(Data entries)

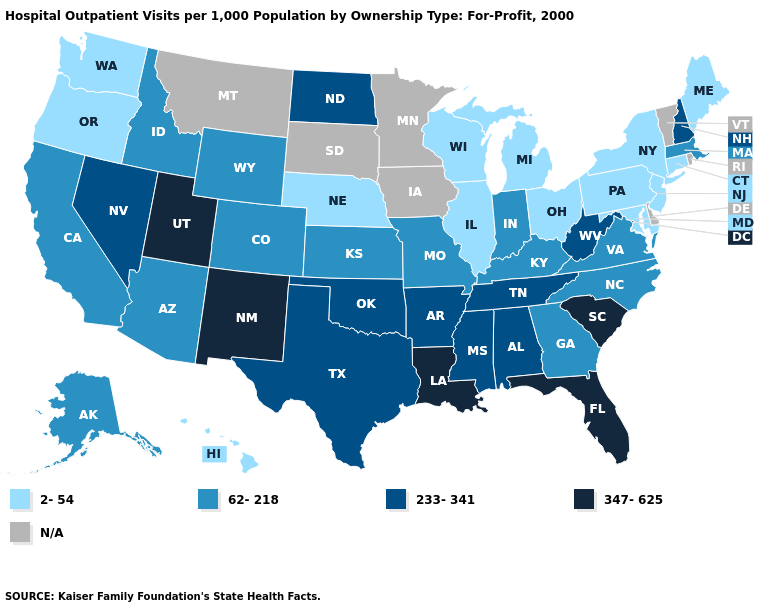Which states have the lowest value in the Northeast?
Quick response, please. Connecticut, Maine, New Jersey, New York, Pennsylvania. Name the states that have a value in the range 62-218?
Keep it brief. Alaska, Arizona, California, Colorado, Georgia, Idaho, Indiana, Kansas, Kentucky, Massachusetts, Missouri, North Carolina, Virginia, Wyoming. Name the states that have a value in the range N/A?
Keep it brief. Delaware, Iowa, Minnesota, Montana, Rhode Island, South Dakota, Vermont. Name the states that have a value in the range 233-341?
Short answer required. Alabama, Arkansas, Mississippi, Nevada, New Hampshire, North Dakota, Oklahoma, Tennessee, Texas, West Virginia. How many symbols are there in the legend?
Quick response, please. 5. Among the states that border Utah , which have the lowest value?
Write a very short answer. Arizona, Colorado, Idaho, Wyoming. Does Massachusetts have the highest value in the Northeast?
Give a very brief answer. No. Is the legend a continuous bar?
Keep it brief. No. Among the states that border Nebraska , which have the highest value?
Answer briefly. Colorado, Kansas, Missouri, Wyoming. Is the legend a continuous bar?
Short answer required. No. Among the states that border Ohio , does Indiana have the lowest value?
Give a very brief answer. No. Among the states that border New Mexico , which have the lowest value?
Answer briefly. Arizona, Colorado. Which states have the lowest value in the USA?
Answer briefly. Connecticut, Hawaii, Illinois, Maine, Maryland, Michigan, Nebraska, New Jersey, New York, Ohio, Oregon, Pennsylvania, Washington, Wisconsin. Does the first symbol in the legend represent the smallest category?
Concise answer only. Yes. Name the states that have a value in the range 62-218?
Quick response, please. Alaska, Arizona, California, Colorado, Georgia, Idaho, Indiana, Kansas, Kentucky, Massachusetts, Missouri, North Carolina, Virginia, Wyoming.

Problem to solve: Begin with the line containing "Keep it brief. No." and repeat each line exactly until the records above end.

Task result:
Keep it brief. No. Among the states that border Nebraska , which have the highest value?
Answer briefly. Colorado, Kansas, Missouri, Wyoming. Is the legend a continuous bar?
Short answer required. No. Among the states that border Ohio , does Indiana have the lowest value?
Give a very brief answer. No. Among the states that border New Mexico , which have the lowest value?
Answer briefly. Arizona, Colorado. Which states have the lowest value in the USA?
Answer briefly. Connecticut, Hawaii, Illinois, Maine, Maryland, Michigan, Nebraska, New Jersey, New York, Ohio, Oregon, Pennsylvania, Washington, Wisconsin. Does the first symbol in the legend represent the smallest category?
Concise answer only. Yes. Name the states that have a value in the range 62-218?
Quick response, please. Alaska, Arizona, California, Colorado, Georgia, Idaho, Indiana, Kansas, Kentucky, Massachusetts, Missouri, North Carolina, Virginia, Wyoming.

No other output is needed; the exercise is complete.